Improvements in real economic activity are present and visible in the reduction of the pace of job losses, in the improvement in indicators of manufacturing activity, in the stabilization of housing starts and in the improvement of financial conditions. However, RGE Monitor does not yet see signs of a strong and sustainable recovery.
Job Losses Outpace GDP Decline
Roubini's RGE Monutor says labor market conditions are still quite dire, more than 3.4 million jobs have been lost in 2009 and about 6.5 million have been lost since the beginning of the recession. Compare this with the 2.5 million jobs lost in the recession of 2001; 1.5 million lost in the recession of the early 1990s; 3 million in the one of the early 1980s; 2.2 million in the one of the 1970s. The pace of job losses has fallen from the 600K plus per month registered between December and March 2009 to about 350K in May and 467K in June; the average monthly job losses in this recession is now at about 360K. While the recent slowing of losses is a positive development, we have to put this in perspective: in previous post-war recessions, average monthly job losses have ranged between 150 thousand and 260 thousand. Moreover, average weekly hours in private nonfarm payrolls are at the lowest since 1964, as employers have cut employees’ hours. Job openings and turnover openings continue to fall and are at the lowest levels since 2000, indicating continued weakness in the economy.
US broker Alliance Bernstein'seconomist Joseph Carson said last week in a research note, that job losses in prior downturns have been roughly proportional to the decline in gross domestic product. But in the current recession, the proportion of jobs lost is running about a third greater than the drop in real GDP.
The correlation between GDP growth and unemployment is called Okun’s Law, after the late economist Arthur Okun who published research on it it in the 1960s. The numerical relationship that Okun estimated - - and other economists have since refined - - has broken down. The original estimate suggested about a 3% decline in GDP for every 1% increase in unemployment. Fed chairman Ben Bernanke and fellow economist Andrew Abel, suggested about a 2% decrease in output for every 1% increase in unemployment.
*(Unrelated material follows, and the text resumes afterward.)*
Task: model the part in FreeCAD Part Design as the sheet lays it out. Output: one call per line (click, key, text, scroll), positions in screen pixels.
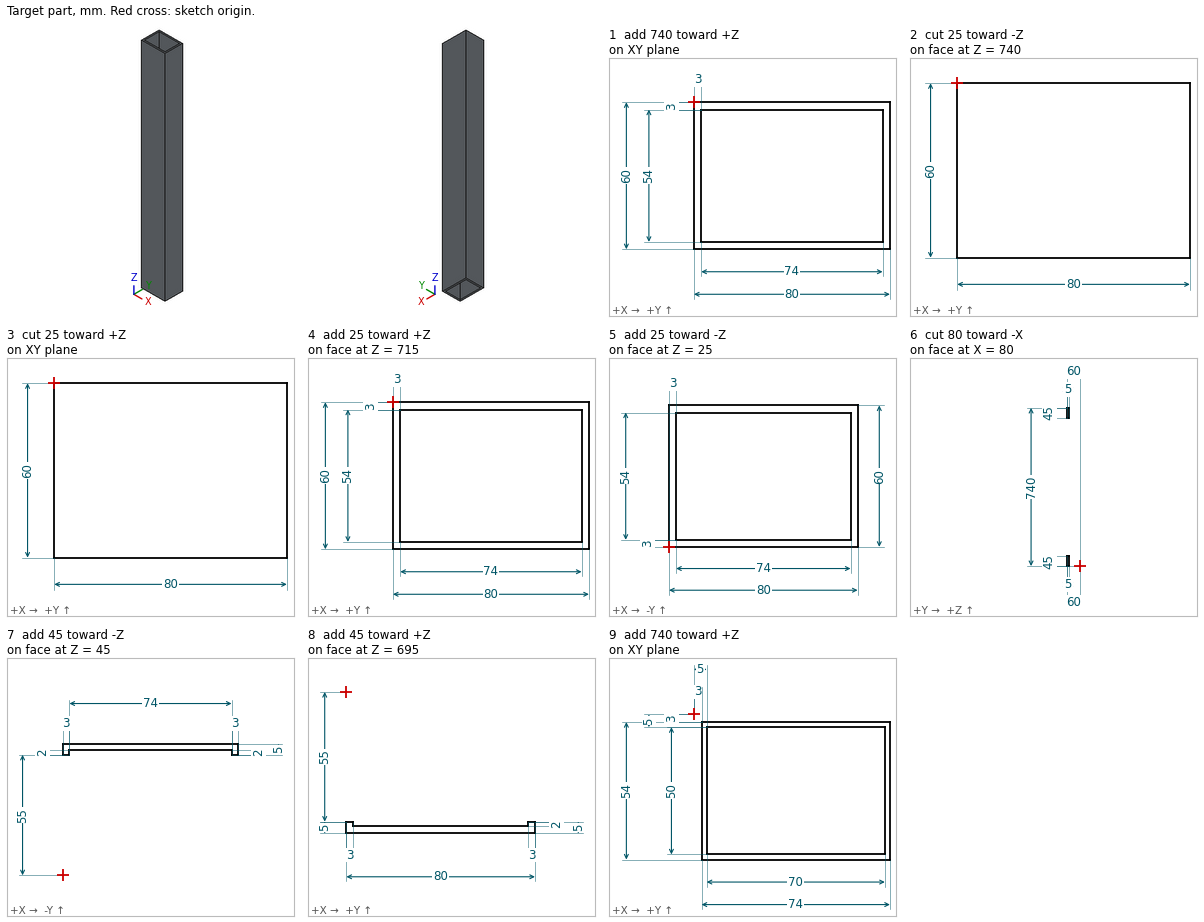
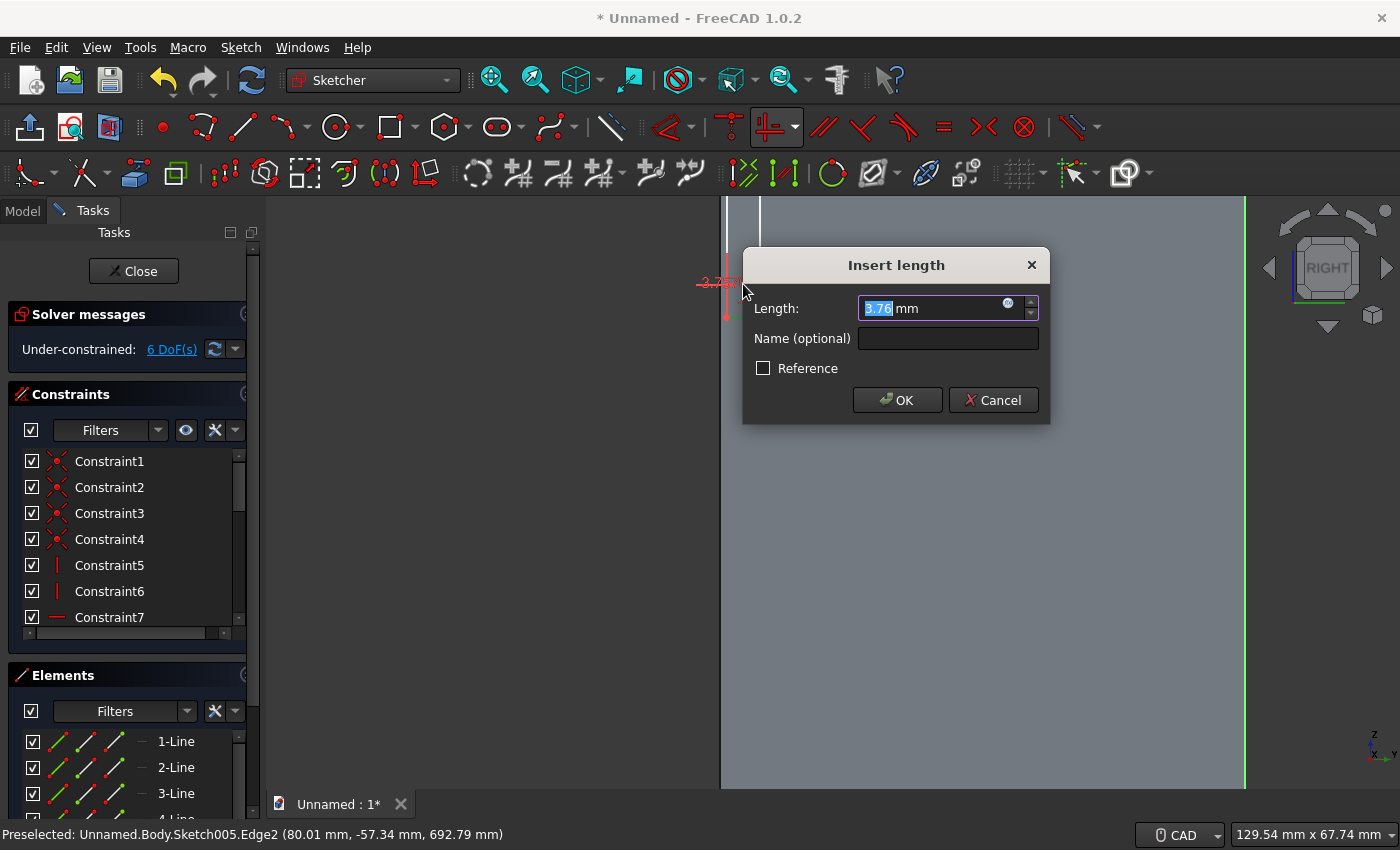
text(5)
key(Return)

Carson said in his note that about 40% of the spike in the unemployment rate in the early 1980s came from new entrants to the workforce who couldn’t immediately find jobs. Now, only 25% of the increase in joblessness is due to new entrants. The rest is from job loss.
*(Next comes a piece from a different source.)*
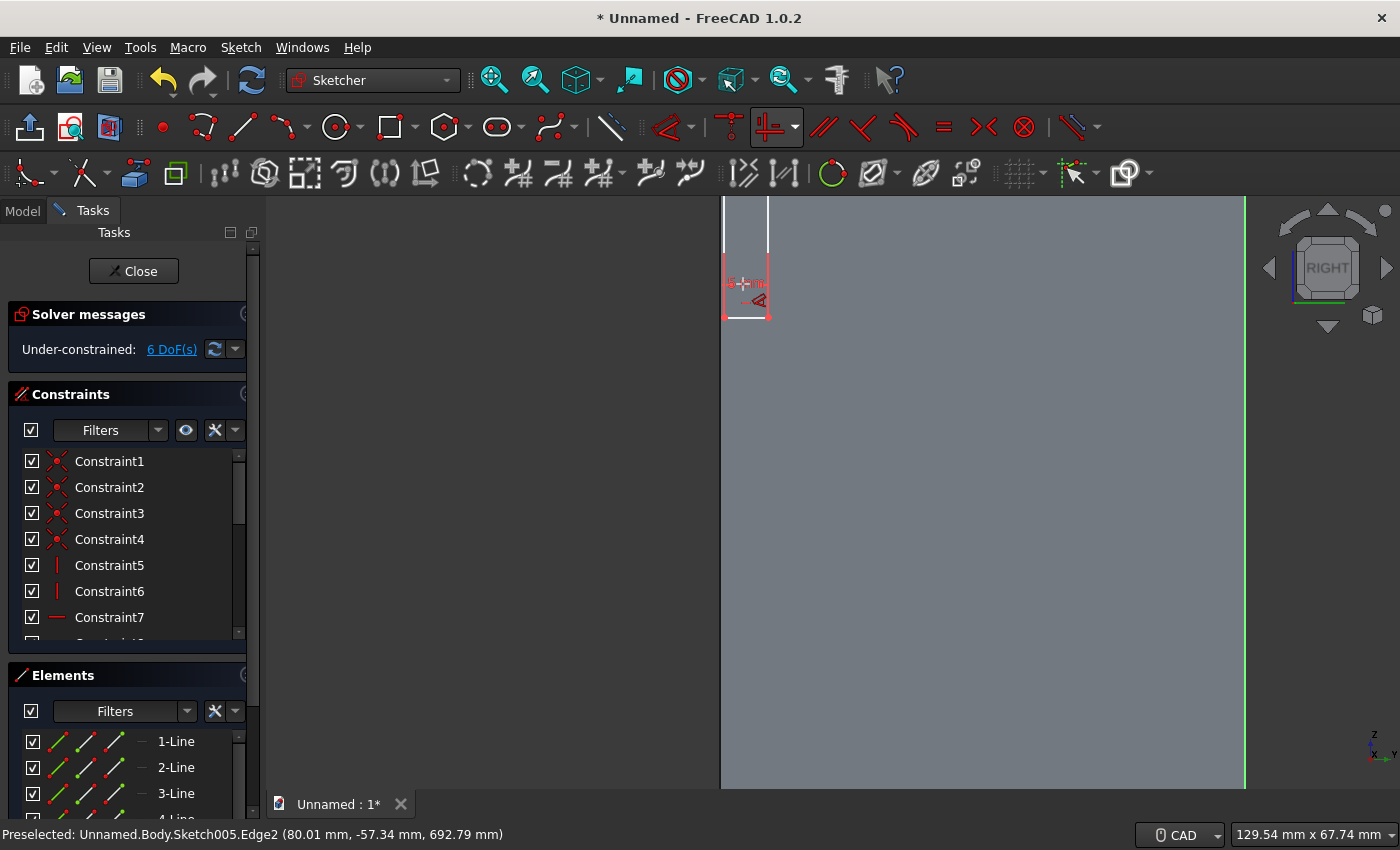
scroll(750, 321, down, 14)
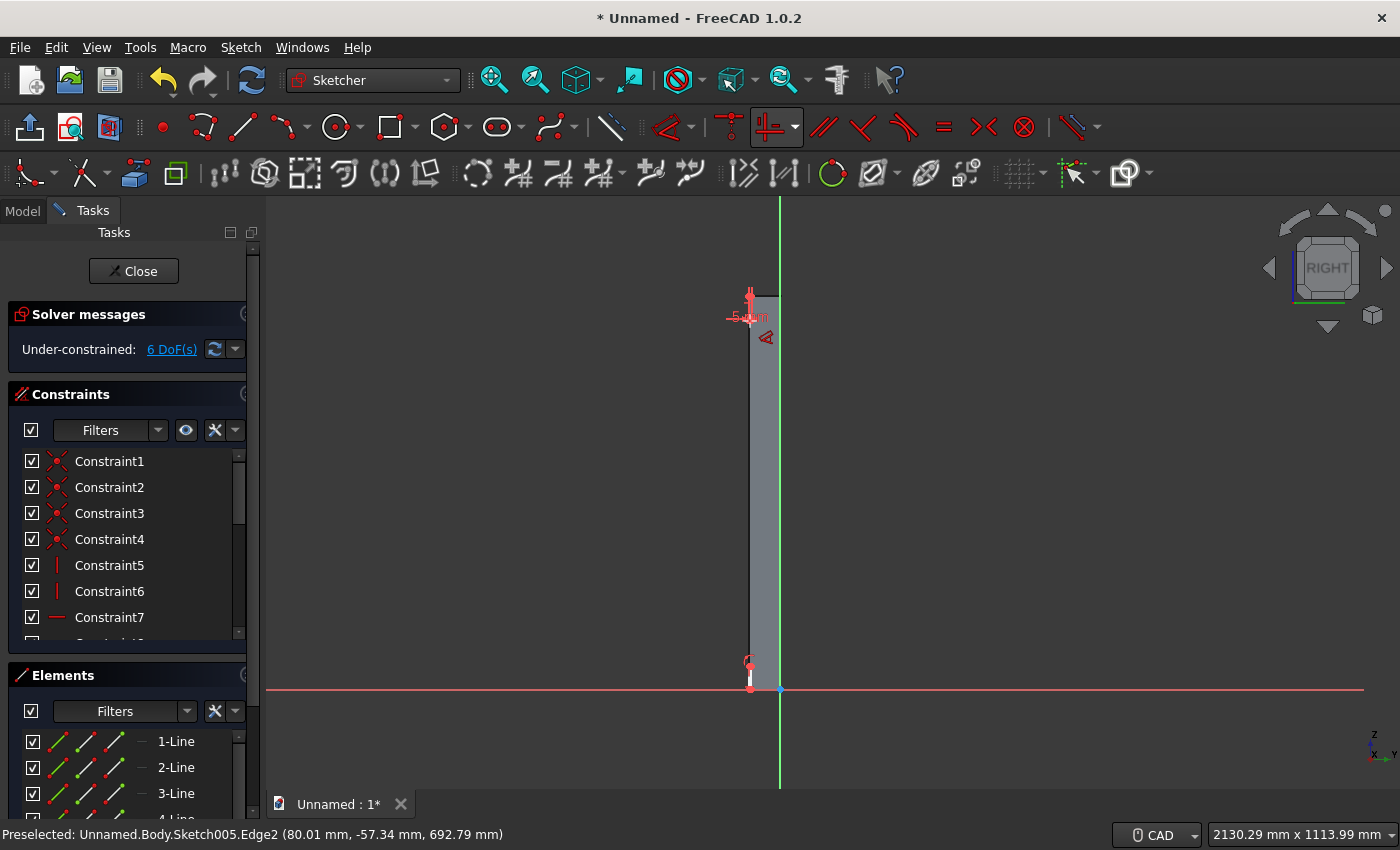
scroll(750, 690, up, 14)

The other side of the coin: this downturn apparently has yielded “unprecedented gains” in productivity. “Improved productivity levels reflect an extremely lean corporate sector that should be capable of generating profit growth at much lower levels of GDP growth than in the past,” Carson wrote.“By improving productivity during a recession, companies may even be able to generate extraordinarily strong and sustained productivity and profit gains when the economy reverts to more normal levels of activity. In time, a recovery in corporate profits will generate the need for additional labor.”